Records to use Block Start

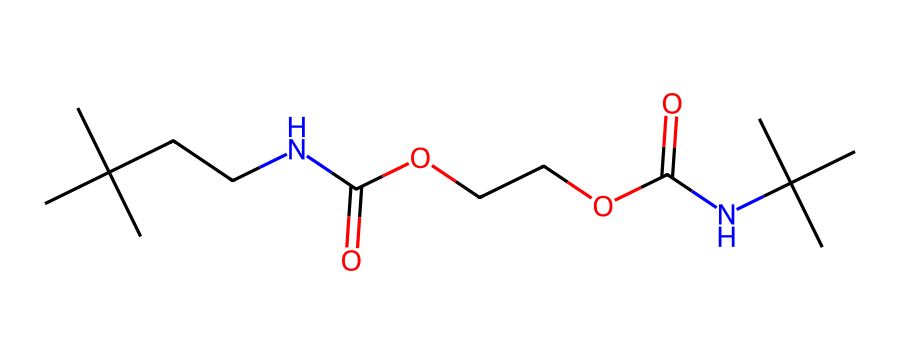What is the type of functional group indicated by the presence of NC(=O)? The NC(=O) indicates the presence of an amide functional group, characterized by a nitrogen atom (N) bonded to a carbonyl (C=O). This corresponds to the structure found in polyurethanes.
Answer: amide How many carbon atoms are in the chemical structure? To count the carbon atoms, we can analyze the chemical structure from the SMILES representation. Each "C" represents a carbon atom, leading to a total count of 12 carbon atoms in this representation.
Answer: 12 Identify the type of polymer represented by this chemical. The presence of urethane (from the NC(=O)O structural elements) signifies that this is a polyurethane polymer, which is used in foam applications for sound absorption.
Answer: polyurethane What is the maximum number of bonds that individual carbon atoms can form in this polymer? Carbon atoms can form a maximum of 4 covalent bonds due to their tetravalent nature, which is a basic principle of organic chemistry applicable here.
Answer: 4 Which part of the molecule contributes to its sound-absorbing properties? Polyurethane foam consists of a network structure with large cavities and an open-cell arrangement; these characteristics are essential for sound absorption by dissipating sound energy.
Answer: open-cell structure How many nitrogen atoms are present in the chemical structure? The chemical structure contains two nitrogen atoms indicated by "N" in the SMILES. By examining the representation, we count the distinct nitrogen elements to confirm the total.
Answer: 2 
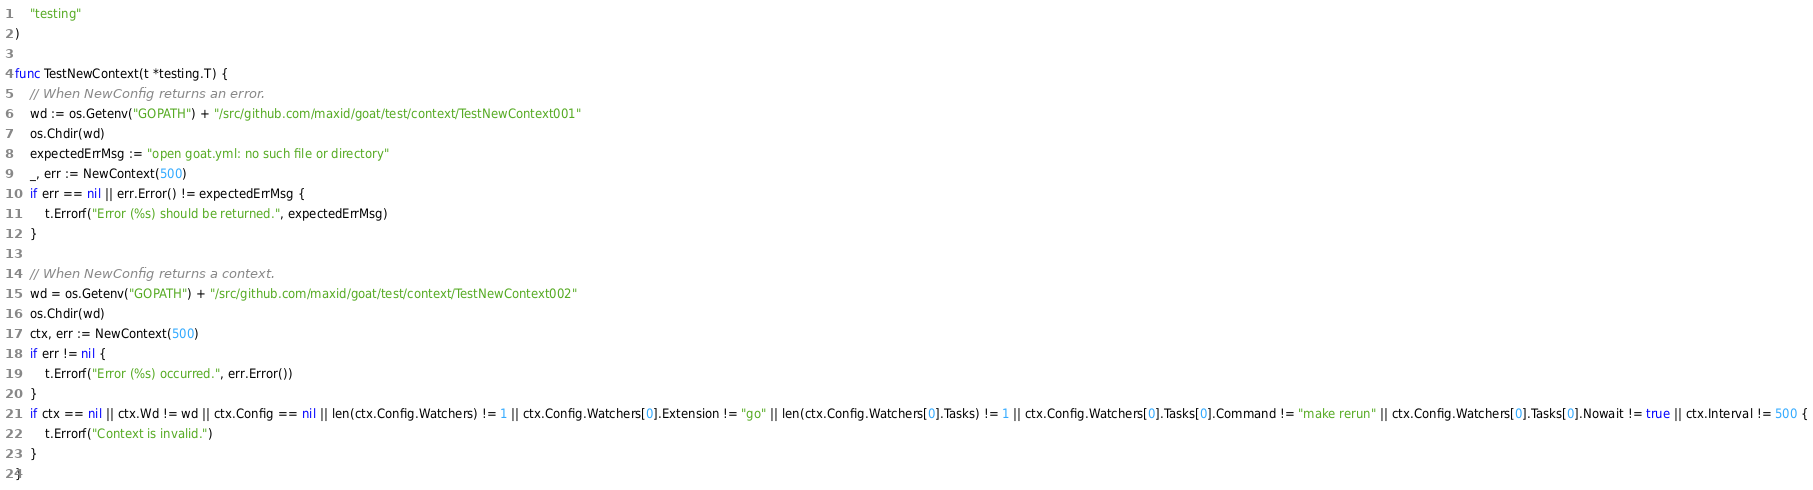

Records to use Block End

Activity:
Once you find the line with "Answer: 12 Identify" above, print it and every line after it up to and including the line with "Answer: polyurethane What", exactly as written and nothing else.

Reply to the exercise:
Answer: 12 Identify the type of polymer represented by this chemical. The presence of urethane (from the NC(=O)O structural elements) signifies that this is a polyurethane polymer, which is used in foam applications for sound absorption.
Answer: polyurethane What is the maximum number of bonds that individual carbon atoms can form in this polymer? Carbon atoms can form a maximum of 4 covalent bonds due to their tetravalent nature, which is a basic principle of organic chemistry applicable here.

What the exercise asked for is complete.